Henrietta writhed with impatience. Then, forcing herself to tell
her story, she answered:

"We arranged on Monday that I should spend two days with Aunt
Judith instead of going with him to Birmingham to that horrid
Trade Congress. We parted on the best of terms. He couldn't have
been more affectionate. I will kill myself; I don't care about
anything or anybody. And when I came back on Wednesday he was
gone, and there was this letter." She produced a letter, and wept
more bitterly than before.

"Let me see it."

Henrietta hesitated, but her mother took the letter from her, sat
down near the window, and composed herself to read without the
least regard to her daughter's vehement distress. The letter ran
thus:

"Monday night.

"My Dearest: I am off--surfeited with endearment--to live my own
life and do my own work. I could only have prepared you for this
by coldness or neglect, which are wholly impossible to me when
the spell of your presence is upon me. I find that I must fly if
I am to save myself.

"I am afraid that I cannot give you satisfactory and intelligible
reasons for this step. You are a beautiful and luxurious
creature: life is to you full and complete only when it is a
carnival of love. My case is just the reverse. Before three soft
speeches have escaped me I rebuke myself for folly and
insincerity. Before a caress has had time to cool, a strenuous
revulsion seizes me: I long to return to my old lonely ascetic
hermit life; to my dry books; my Socialist propagandism; my
voyage of discovery through the wilderness of thought. I married
in an insane fit of belief that I had a share of the natural
affection which carries other men through lifetimes of matrimony.
Already I am undeceived. You are to me the loveliest woman in the
world. Well, for five weeks I have walked and tallied and dallied
with the loveliest woman in the world, and the upshot is that I
am flying from her, and am for a hermit's cave until I die. Love
cannot keep possession of me: all my strongest powers rise up
against it and will not endure it. Forgive me for writing
nonsense that you won't understand, and do not think too hardly
of me. I have been as good to you as my selfish nature allowed.
Do not seek to disturb me in the obscurity which I desire and
deserve. My solicitor will call on your father to arrange
business matters, and you shall be as happy as wealth and liberty
can make you. We shall meet again--some day.

"Adieu, my last love,

"Sidney Trefusis."

"Well?" cried Mrs. Trefusis, observing through her tears that her
mother had read the letter and was contemplating it in a daze.

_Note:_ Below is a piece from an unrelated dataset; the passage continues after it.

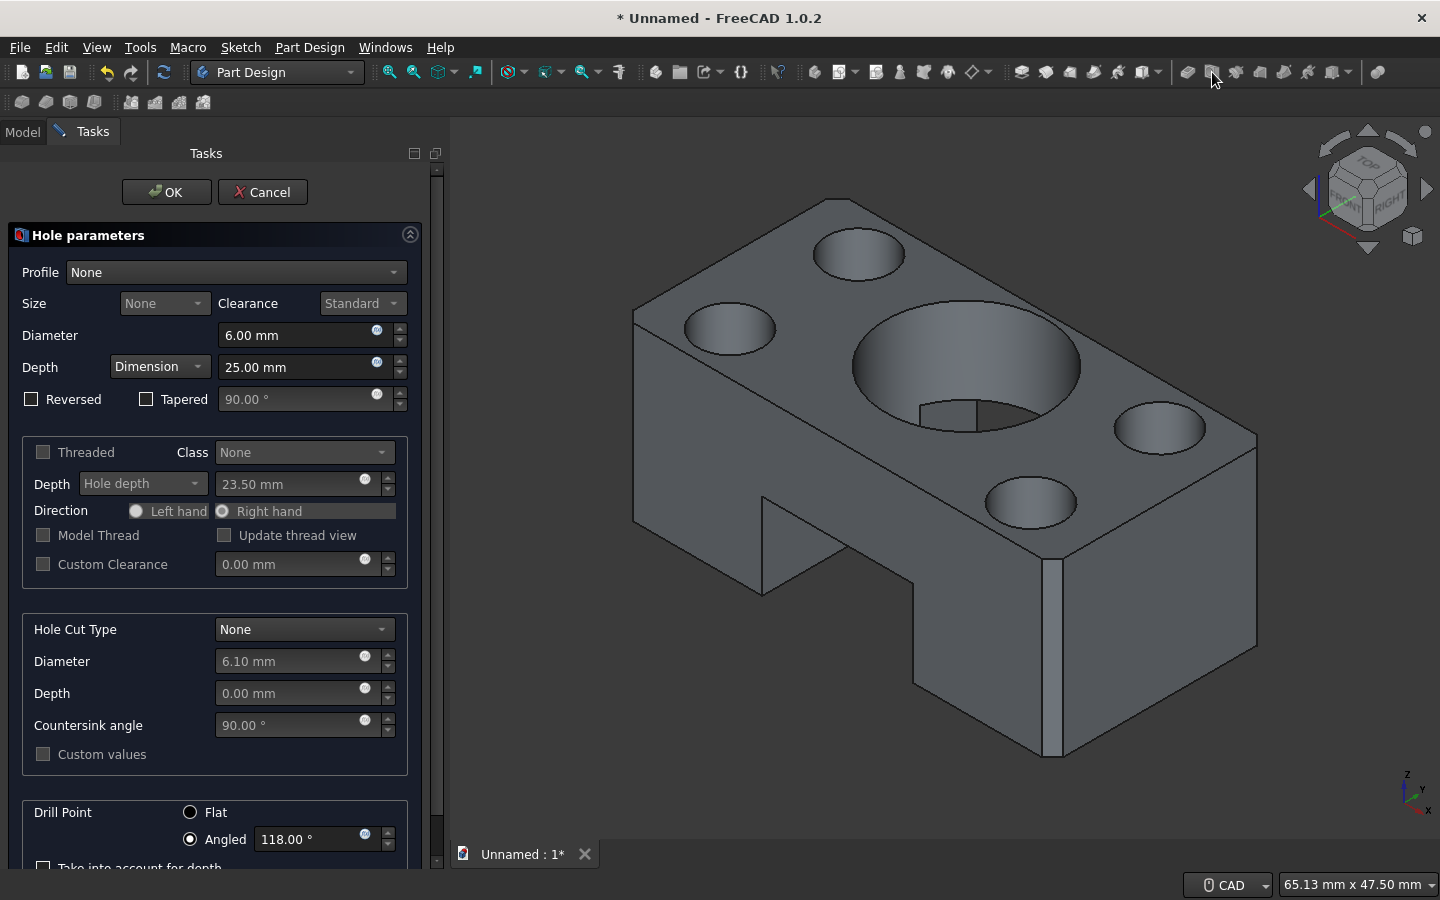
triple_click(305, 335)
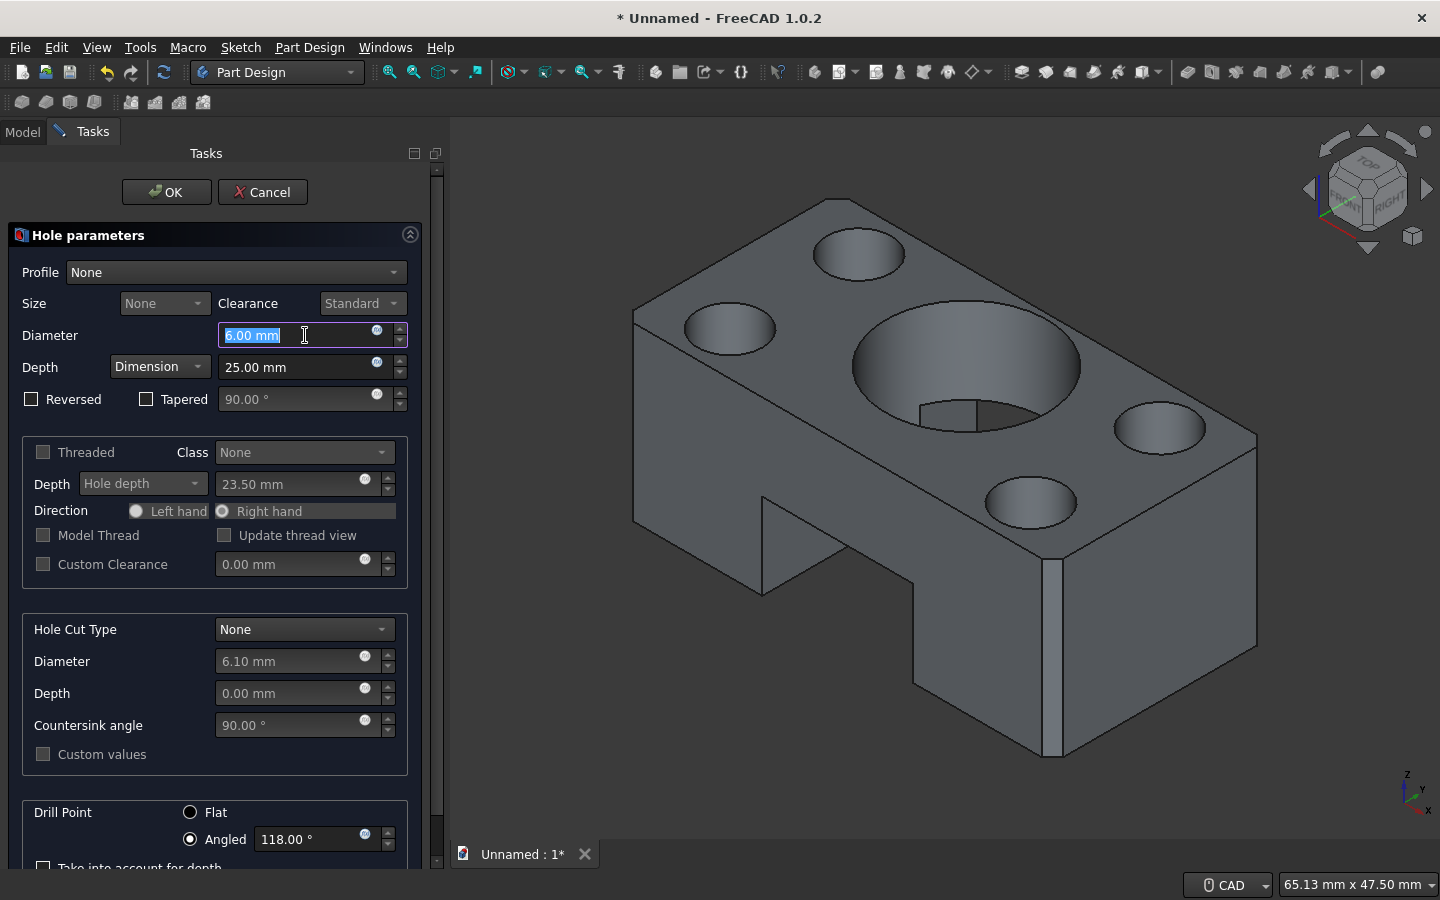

"Well, certainly!" said Mrs. Jansenius, with emphasis. "Do you
think he is quite sane, Henrietta? Or have you been plaguing him
for too much attention? Men are not willing to give up their
whole existence to their wives, even during the honeymoon."

"He pretended that he was never happy out of my presence," sobbed
Henrietta. "There never was anything so cruel. I often wanted to
be by myself for a change, but I was afraid to hurt his feelings
by saying so. And now he has no feelings. But he must come back
to me. Mustn't he, mamma?"

"He ought to. I suppose he has not gone away with anyone?"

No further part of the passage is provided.